I cross to his side to wipe up the smear and just happen to glance over at my side—light hitting the mirror from a different angle.

Well.
Will you lookie there.
Same exact splat.
Maybe even a little more.
Why?

Because spit happens.

And that, my friends, is a lesson in perspective.

Thursday, March 3, 2011

FRICKIN' LASER BEAMS

I'm like a shark, with frickin' laser beams shooting from it's head. Sept they're boogers. From my nose. And it's only fair, because I mocked my husband when he caught those cold sores. Which, may I add, have a surprisingly long shelf life.

Anyway, now I've been brought low and I have no one to blame but myself.

Speaking of blame, I needed someone to point a finger at yesterday. I was served up a big old steamy manure pie, made out of a one week lapse between policies in Workman's Comp, a tire exploding in an employees face, the subsequent ambulance ride and ER visit, a teenage son missing 30 (not even exaggerating) assignments and a few other surprisingly expensive and aggravating ingredients. You know, to give it savor.

I could barely contain myself while I sat mouth breathing in my bedroom chair, as I tried to consume the entire dessert myself. Fortunately, Sterling came in to take his fair share, and together we licked the platter clean.

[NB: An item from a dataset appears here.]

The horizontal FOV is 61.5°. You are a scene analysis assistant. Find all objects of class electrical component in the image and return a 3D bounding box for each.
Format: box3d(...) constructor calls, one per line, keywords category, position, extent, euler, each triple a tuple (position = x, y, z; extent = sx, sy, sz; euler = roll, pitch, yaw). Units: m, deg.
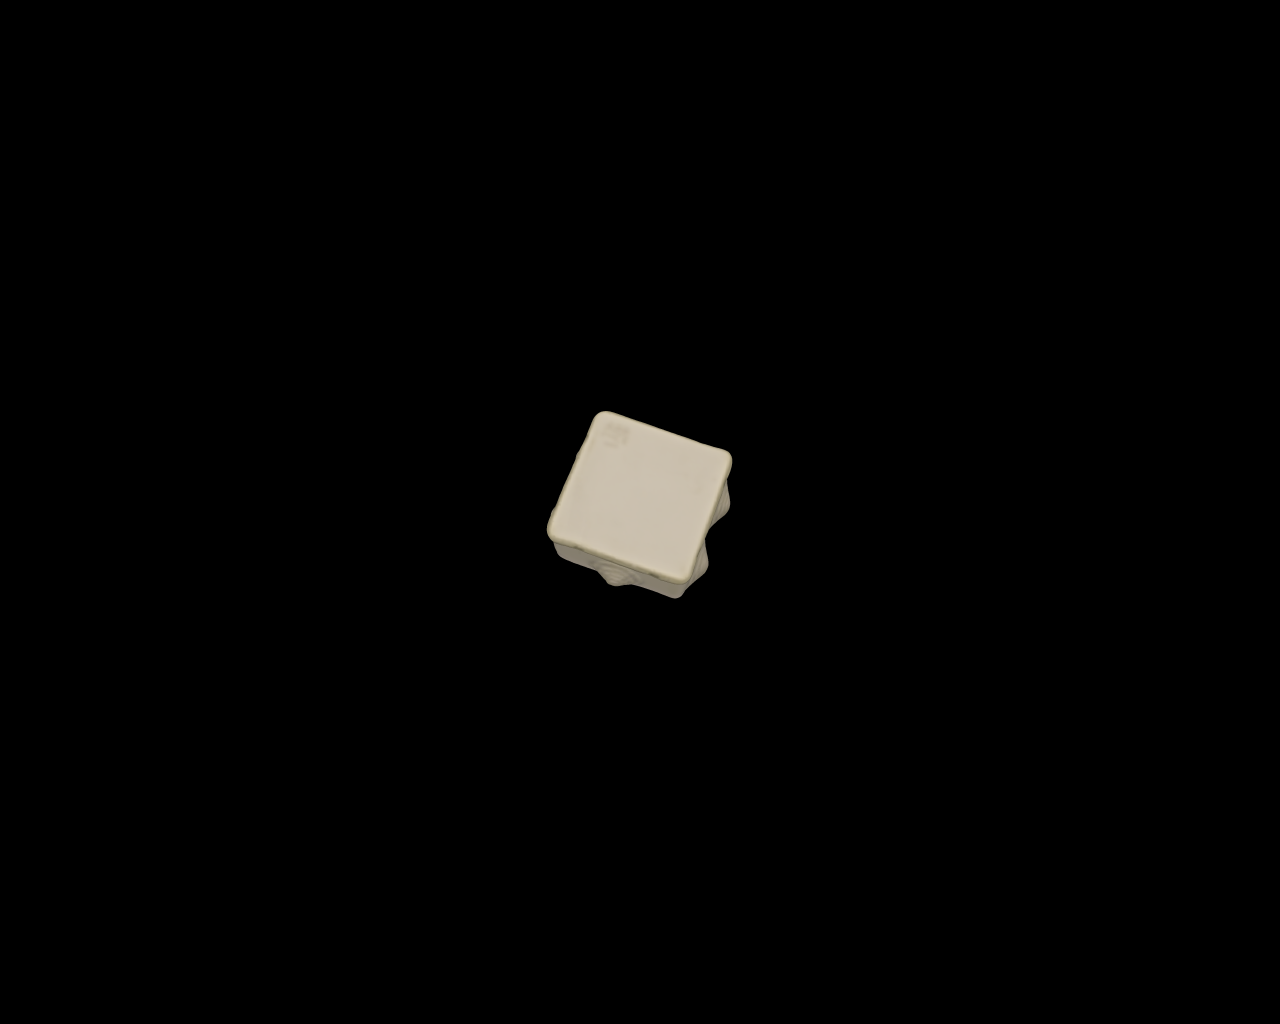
box3d(category="electrical component", position=(0.001, -0.003, 0.650), extent=(0.100, 0.100, 0.048), euler=(19, -19, 7))

Which makes me grateful for a husband who knows the difference between chocolate and cow dung, and that only one of those is his wife's favorite. And who takes a misfired bullet now and again when the gun is in her hand and she's swinging it around in wild eyed frenzy.

But other than that, I just have this miserable cold that makes it impossible to think clearly, or be funny, or be kind, or be generous, or be creative, or be productive.

And this time, I blame...how 'bout the Unions? Yeah. Them. Stupid Unions.